I stammered some incoherent words. He interrupted me.
“Don’t insult me by lying!” he snapped.
I didn’t answer. But, as if at the edge of a precipice, I implored the God of my ancestors to protect us.
The visitor resumed in a friendlier voice.
“That was Alekhine’s defense you used in the beginning, wasn’t it?”
“I don’t understand …”
“You’re lying again! Do you think I don’t know the gambits, the openings and defenses of the great Russian masters?”
My body in a sweat, all I could do was repeat, “Sir, you have to believe me …”
“My son never lies,” my father interjected.
“I’ve never heard the word ‘gambit,’ ” I said. “I’ve never heard that there were … there were masters, great or small.”
The visitor scrutinized me for a long time, then gave me a faint smile.
“I believe you.

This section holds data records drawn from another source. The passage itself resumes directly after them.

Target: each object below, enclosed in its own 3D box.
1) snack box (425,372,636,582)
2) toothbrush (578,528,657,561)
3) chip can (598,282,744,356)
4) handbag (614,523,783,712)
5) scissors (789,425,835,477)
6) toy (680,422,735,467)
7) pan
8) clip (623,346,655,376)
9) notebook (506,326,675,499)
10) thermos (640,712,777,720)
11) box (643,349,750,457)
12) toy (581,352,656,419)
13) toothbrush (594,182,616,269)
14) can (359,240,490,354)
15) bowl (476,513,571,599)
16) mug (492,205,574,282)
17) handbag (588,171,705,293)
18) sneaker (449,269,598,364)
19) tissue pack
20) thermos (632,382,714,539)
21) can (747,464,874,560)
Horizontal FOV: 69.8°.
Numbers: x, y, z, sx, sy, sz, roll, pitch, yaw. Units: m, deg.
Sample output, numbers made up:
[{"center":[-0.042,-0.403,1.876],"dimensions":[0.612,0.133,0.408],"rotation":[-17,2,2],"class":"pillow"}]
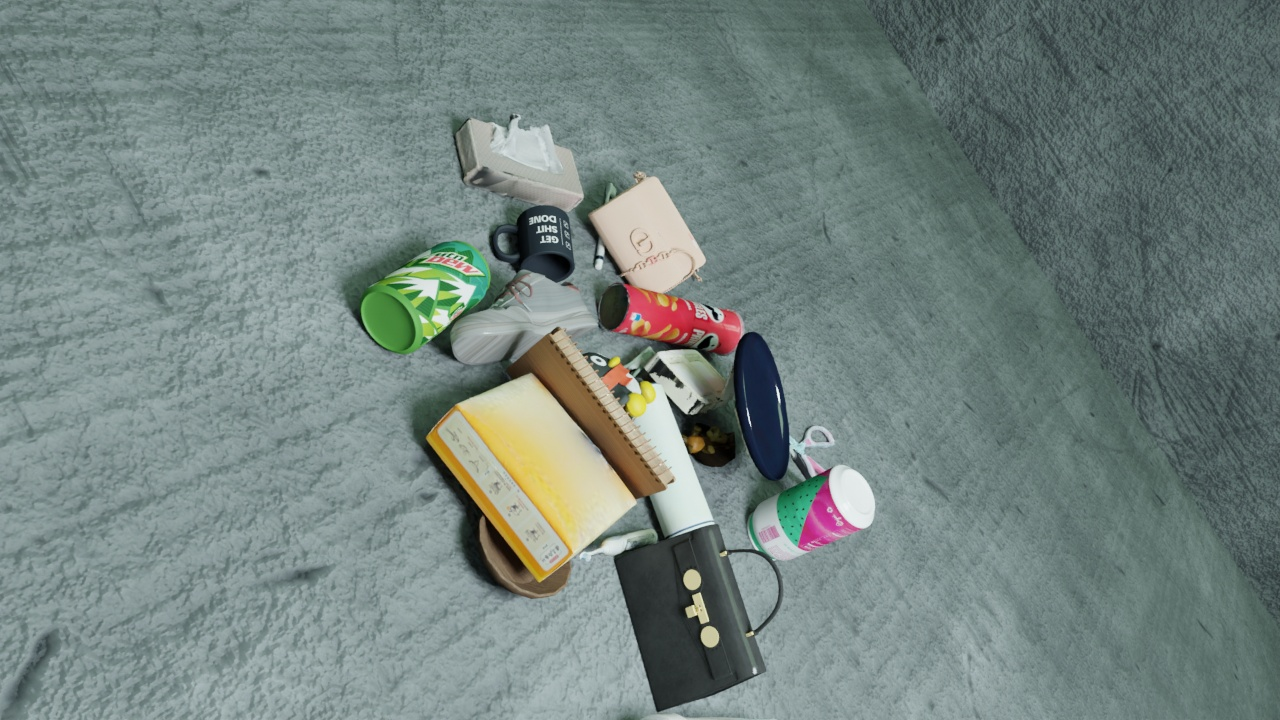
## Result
[{"center":[-0.109,0.114,0.988],"dimensions":[0.195,0.081,0.144],"rotation":[50,28,7],"class":"snack box"},{"center":[-0.027,0.210,1.044],"dimensions":[0.024,0.022,0.185],"rotation":[25,6,24],"class":"toothbrush"},{"center":[0.046,-0.058,1.323],"dimensions":[0.232,0.073,0.073],"rotation":[11,56,-41],"class":"chip can"},{"center":[0.083,0.271,1.016],"dimensions":[0.072,0.196,0.175],"rotation":[4,60,-45],"class":"handbag"},{"center":[0.264,0.136,1.460],"dimensions":[0.172,0.014,0.158],"rotation":[43,41,-11],"class":"scissors"},{"center":[0.083,0.114,1.249],"dimensions":[0.100,0.063,0.076],"rotation":[1,40,-34],"class":"toy"},{"center":[0.193,0.104,1.273],"dimensions":[0.356,0.021,0.198],"rotation":[52,34,-46],"class":"pan"},{"center":[-0.009,0.009,1.251],"dimensions":[0.023,0.048,0.076],"rotation":[51,41,-2],"class":"clip"},{"center":[-0.059,0.069,1.042],"dimensions":[0.022,0.169,0.210],"rotation":[-39,93,-29],"class":"notebook"},{"center":[0.073,0.427,0.981],"dimensions":[0.220,0.100,0.099],"rotation":[18,51,-43],"class":"thermos"},{"center":[0.123,0.036,1.249],"dimensions":[0.194,0.101,0.143],"rotation":[47,21,15],"class":"box"},{"center":[-0.055,0.036,1.126],"dimensions":[0.119,0.100,0.097],"rotation":[47,18,0],"class":"toy"},{"center":[-0.051,-0.202,1.374],"dimensions":[0.017,0.012,0.186],"rotation":[34,42,-30],"class":"toothbrush"},{"center":[-0.237,-0.074,1.024],"dimensions":[0.083,0.083,0.143],"rotation":[50,38,-7],"class":"can"},{"center":[-0.128,0.203,0.968],"dimensions":[0.118,0.030,0.117],"rotation":[33,31,-23],"class":"bowl"},{"center":[-0.142,-0.152,1.204],"dimensions":[0.105,0.071,0.077],"rotation":[1,59,-16],"class":"mug"},{"center":[0.005,-0.173,1.392],"dimensions":[0.199,0.116,0.187],"rotation":[57,-3,-12],"class":"handbag"},{"center":[-0.149,-0.060,1.100],"dimensions":[0.235,0.099,0.089],"rotation":[-10,71,-57],"class":"sneaker"},{"center":[-0.163,-0.279,1.272],"dimensions":[0.181,0.071,0.103],"rotation":[7,59,-39],"class":"tissue pack"},{"center":[0.035,0.144,1.167],"dimensions":[0.067,0.068,0.230],"rotation":[0,63,-47],"class":"thermos"},{"center":[0.229,0.209,1.241],"dimensions":[0.088,0.166,0.088],"rotation":[27,46,-32],"class":"can"}]

And I like you. I’ll take my revenge next week. Okay?”
“Of course, sir,” my father replied, in my stead.
The war had been going on forever. Davarowsk was occupied by the Hungarian army and suffering under its yoke. Our Jewish community was soon to be subjected to the first anti-Semitic measures. Meanwhile, the number of disastrous decrees kept growing.
Friedrich von Waldensohn—or “the count” as we called him—came to see us every week. Our games were becoming more intense for both of us. They took place even in the ghetto, where we had moved with a few pitiful objects and utensils. Whenever he visited, he brought us food and sometimes much-needed clothes.